Ever wondered which of your friends swore in texts the most?
While thinking of what to do for my next project, an idea suddenly popped up in my head. Why not do data analysis on a WhatsApp group chat of college students and find out interesting insights like the most used emoji, the sentiment score of each person, who swears the most, the most actives times of the day, or does the group use phones during college teaching hours? These would be some interesting insights for sure, more for me than for you since the people in this chat are people I know personally.
Note: I represent each of my friends with two letters, an abbreviation of their name as a way to maintain anonymity.
The first step was to gather the data. WhatsApp allows you to export your chats through a .txt format. Opening this file up, you get messages in a format that looks like this:
Since WhatsApp texts are multi-line, you cannot just read the file line by line and get each message that you want. Instead, you need a way to identify if a line is a new message or part of an old message. You could do this use regular expressions, but I went forward with a more simple method. I created a function called vali_date(), which returns True if the argument passed is a valid date.
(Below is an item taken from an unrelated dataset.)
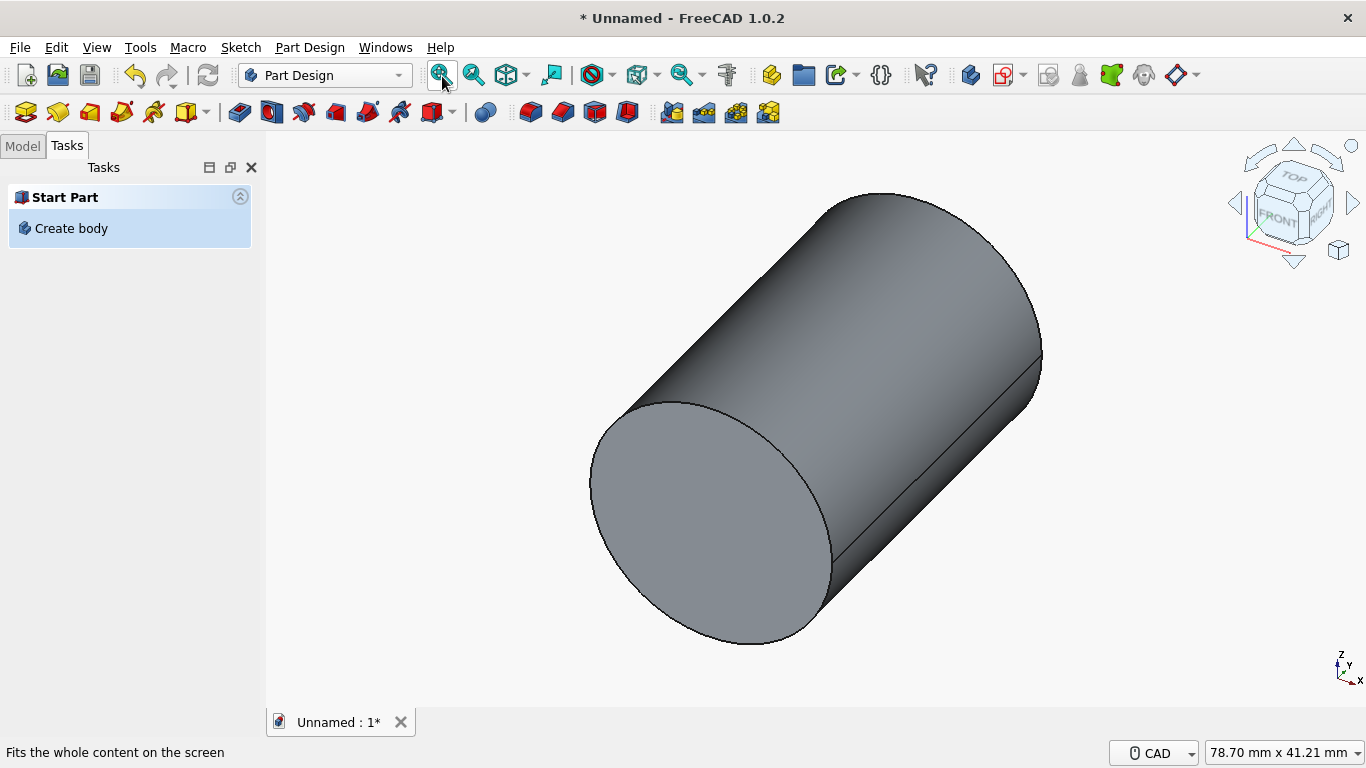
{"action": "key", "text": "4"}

While reading each line, I split it based on a comma and take the first item returned from the split() function. If the line is a new message, the first item would be a valid date, and it will be appended as a new message to the list of messages. If it’s not, the message is part of the previous message, and hence, will be appended to the end of the previous message as one continuous message.
From here it’s just a matter of extracting the necessary details from each line: the date sent, the time sent, the sender, and the message itself. This is just a matter of using some simple string processing functions, mainly split(), and making a DataFrame out of it. If you’re using the same method then please make sure to specify the date and time formats correctly.